Opera quickly spread to other urban centres in Italy—Mantua, Rome, Venice, and elsewhere—and eventually to places outside the Italian peninsula. Within a decade of the earliest productions, the masterful composer of madrigals (a type of vocal chamber music) Claudio Monteverdi made his debut in the field with two dramatic works: La favola d’Orfeo (1607; “The Fable of Orpheus”), the first opera to maintain a place in the modern repertory, and L’Arianna (1608), now lost except for the Lamento, which was destined to become one of the most famous pieces of music of the 17th century. Set to a text by Alessandro Striggio the Younger, L’Orfeo was presented at the court of Mantua—where Monteverdi was employed by the Gonzaga dynasty—during the Carnival of 1607, when the libretto was published as a souvenir. (The score was printed, with a different ending, in 1609 and again in 1615). Significantly, the subject and the style were derived from Peri’s L’Euridice, which, having been printed in 1601, must have been available to Monteverdi, who both recognized and built on Peri’s accomplishments. While L’Orfeo has more musical variety than its predecessor, including the effective use of ritornelli, or recurring instrumental sections, it owes much to Peri’s concept of straightforward recitative for calm narration or dialogue and intensely expressive recitative for heightened emotion at more dramatic moments.

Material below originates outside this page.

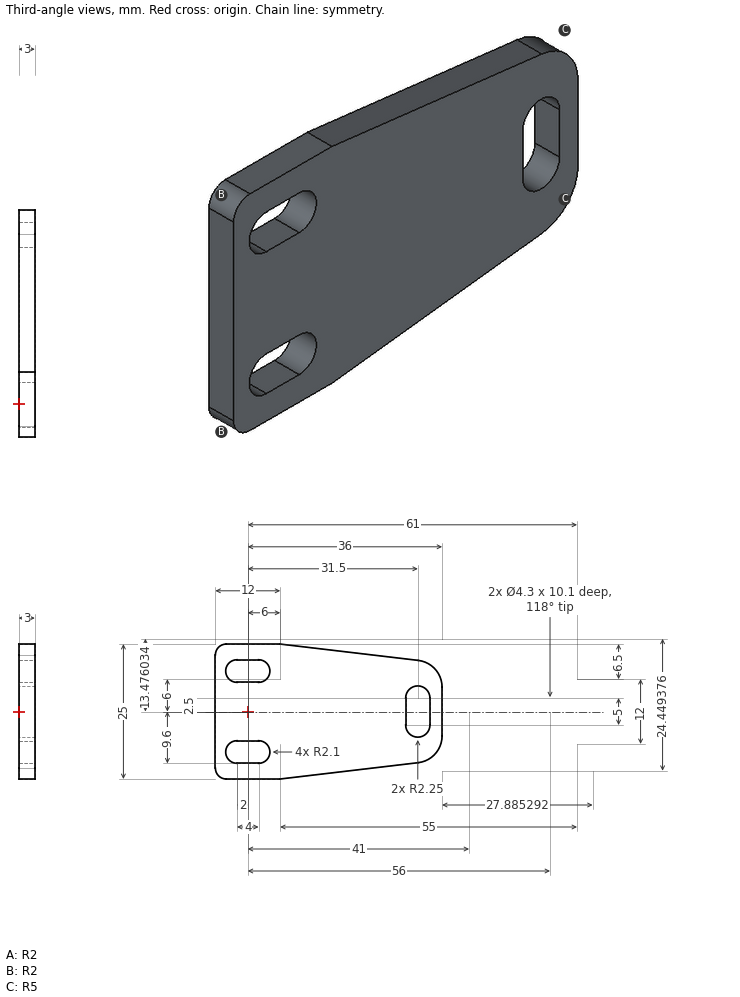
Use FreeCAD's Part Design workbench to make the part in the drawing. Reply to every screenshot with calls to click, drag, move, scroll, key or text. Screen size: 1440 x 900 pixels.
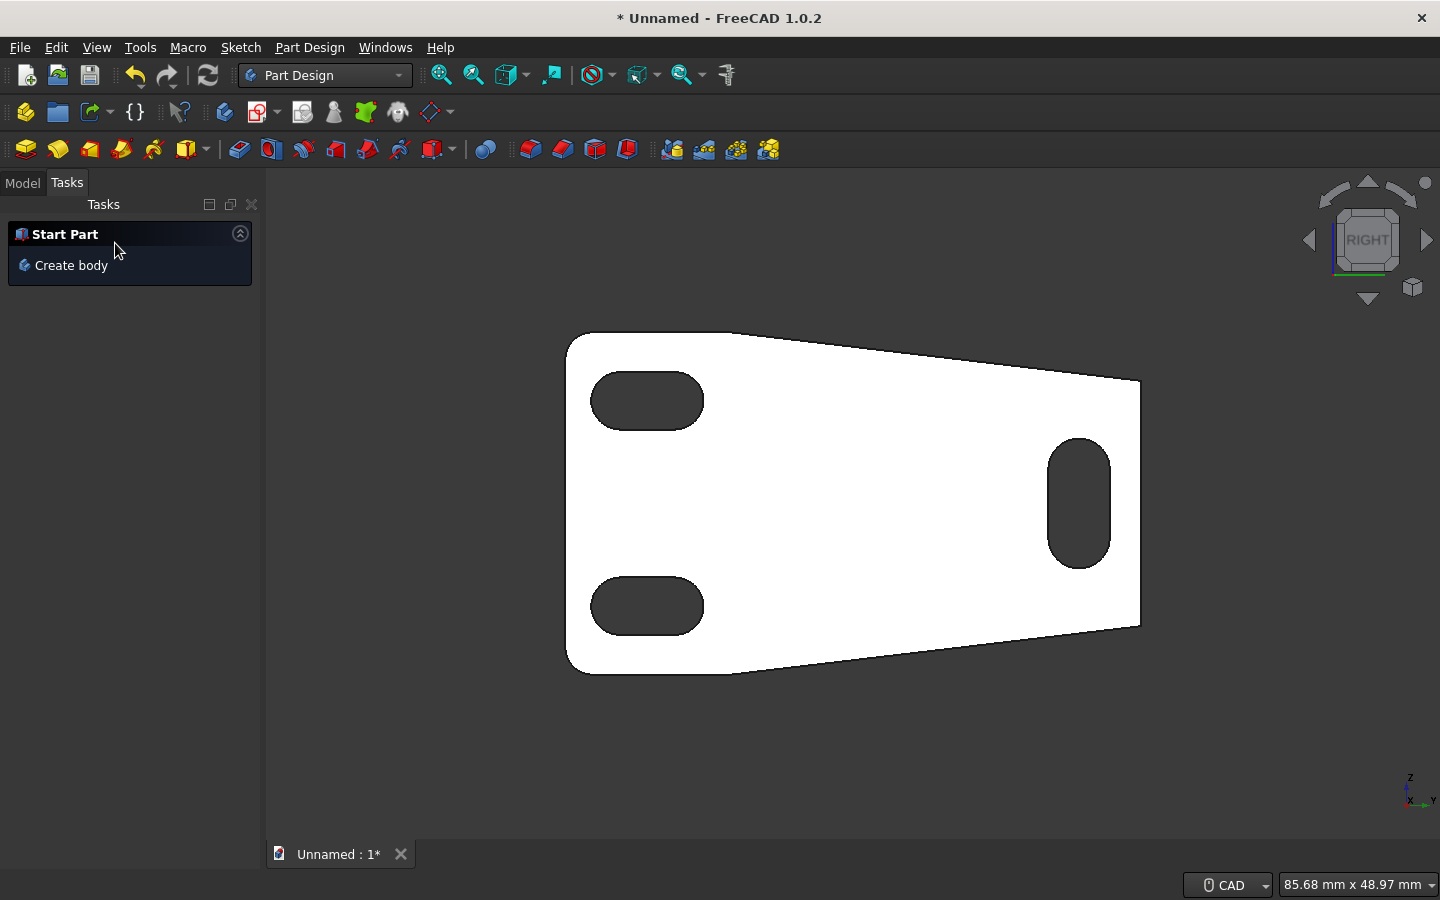
key(5)

Monteverdi continued to compose operas for more than 35 years and stayed abreast of the latest musical trends while writing sacred and ceremonial music for San Marco Basilica in Venice, where he had become maestro di cappella (director of music) in 1613. His surviving mature operas, written in his mid-70s in Venice, were Il ritorno d’Ulisse in patria (1640; “Ulysses’ Homecoming”), with a libretto by Giacomo Badoaro based on the end of Homer’s Odyssey, and L’incoronazione di Poppea (1643; “The Coronation of Poppea”). The latter was the first opera to derive its plot from a historical subject—the Roman emperor Nero’s illicit love for the ambitious courtesan Poppea. Gian Francesco Busenello’s libretto brought a new note of realism into opera, particularly in the subtle portrayal of human character, which Monteverdi translated into music with an extraordinary nuance and flexibility of style, depicting a wide range of human emotions. In a prologue and three acts, Poppea includes steamy love scenes and angry confrontations carried by recitatives that capture a variety of styles of speech; there are also joyous scenes of musical elaboration, with arias that celebrate singing and bear witness to the victory of the senses over reason and morality.